(Data extracted from a collection)
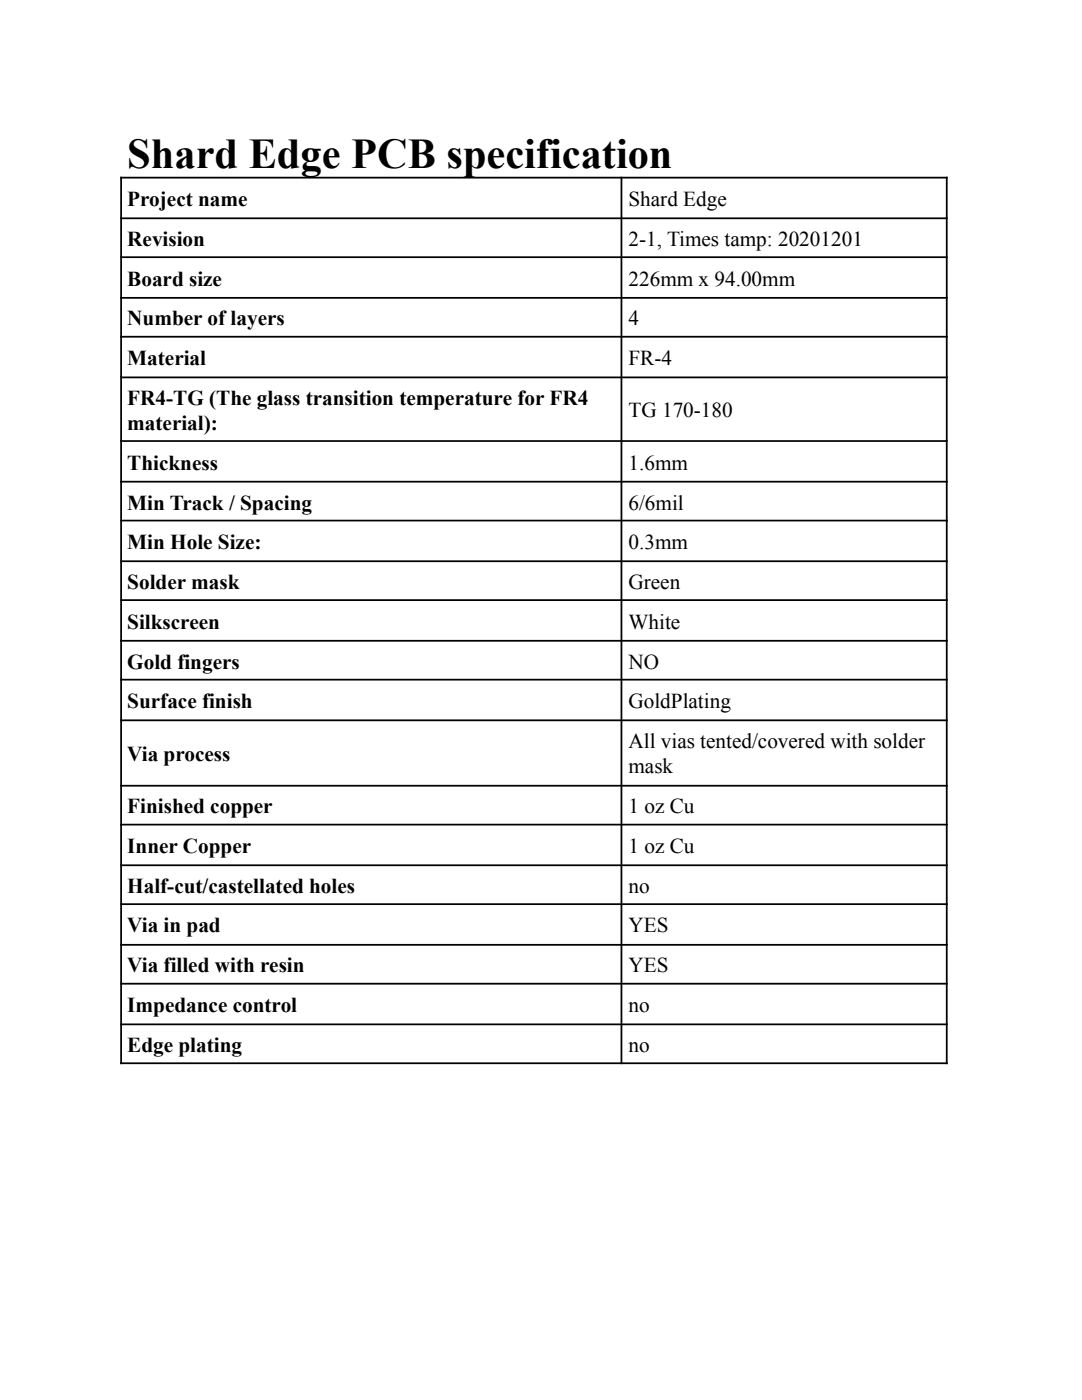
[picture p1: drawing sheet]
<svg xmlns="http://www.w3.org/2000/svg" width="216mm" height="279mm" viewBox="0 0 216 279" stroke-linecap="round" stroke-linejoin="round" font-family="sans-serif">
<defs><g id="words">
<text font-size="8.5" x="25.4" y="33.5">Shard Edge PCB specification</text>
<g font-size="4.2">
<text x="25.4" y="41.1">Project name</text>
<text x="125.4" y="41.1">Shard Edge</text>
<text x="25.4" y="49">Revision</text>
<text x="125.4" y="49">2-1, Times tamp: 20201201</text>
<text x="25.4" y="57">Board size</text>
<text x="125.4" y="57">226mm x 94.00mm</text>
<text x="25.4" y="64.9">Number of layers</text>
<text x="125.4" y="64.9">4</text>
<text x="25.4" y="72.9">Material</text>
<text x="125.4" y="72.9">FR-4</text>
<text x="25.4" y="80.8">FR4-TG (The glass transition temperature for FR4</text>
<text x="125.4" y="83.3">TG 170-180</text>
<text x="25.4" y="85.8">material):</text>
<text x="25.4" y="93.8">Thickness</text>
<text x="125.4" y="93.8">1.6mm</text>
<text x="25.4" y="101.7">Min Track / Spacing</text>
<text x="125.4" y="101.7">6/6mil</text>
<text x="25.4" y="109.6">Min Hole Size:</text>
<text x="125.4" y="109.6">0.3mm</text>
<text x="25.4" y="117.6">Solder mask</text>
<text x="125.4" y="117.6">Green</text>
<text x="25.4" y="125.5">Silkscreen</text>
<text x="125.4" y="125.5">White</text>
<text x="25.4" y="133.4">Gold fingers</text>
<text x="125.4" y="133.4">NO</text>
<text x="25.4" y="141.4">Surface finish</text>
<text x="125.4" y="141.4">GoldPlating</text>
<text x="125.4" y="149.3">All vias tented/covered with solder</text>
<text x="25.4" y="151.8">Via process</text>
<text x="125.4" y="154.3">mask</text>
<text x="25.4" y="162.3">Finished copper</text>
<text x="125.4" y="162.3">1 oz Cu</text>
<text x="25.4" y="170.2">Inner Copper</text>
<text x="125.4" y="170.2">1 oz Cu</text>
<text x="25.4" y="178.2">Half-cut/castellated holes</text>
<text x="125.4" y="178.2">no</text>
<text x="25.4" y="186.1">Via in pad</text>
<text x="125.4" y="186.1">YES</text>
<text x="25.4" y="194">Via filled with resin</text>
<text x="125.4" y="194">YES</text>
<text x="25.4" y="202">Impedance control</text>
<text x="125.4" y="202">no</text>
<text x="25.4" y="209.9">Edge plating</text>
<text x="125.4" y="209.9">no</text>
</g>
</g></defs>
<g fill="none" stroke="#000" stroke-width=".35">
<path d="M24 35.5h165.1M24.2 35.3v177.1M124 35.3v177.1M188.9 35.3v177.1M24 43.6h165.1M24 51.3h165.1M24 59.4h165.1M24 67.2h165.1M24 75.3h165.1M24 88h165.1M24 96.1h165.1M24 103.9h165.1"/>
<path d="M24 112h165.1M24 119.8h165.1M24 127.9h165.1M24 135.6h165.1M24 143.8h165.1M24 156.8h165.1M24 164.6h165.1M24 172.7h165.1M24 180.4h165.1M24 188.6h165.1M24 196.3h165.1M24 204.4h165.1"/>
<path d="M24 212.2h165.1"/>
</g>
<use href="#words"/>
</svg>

◆ WORK REQUIRED ◆
Your answer should consist of each line of the data above in which the word "mask" occurs.

◆ ANSWER BELOW ◆
<text x="25.4" y="117.6">Solder mask</text>
<text x="125.4" y="154.3">mask</text>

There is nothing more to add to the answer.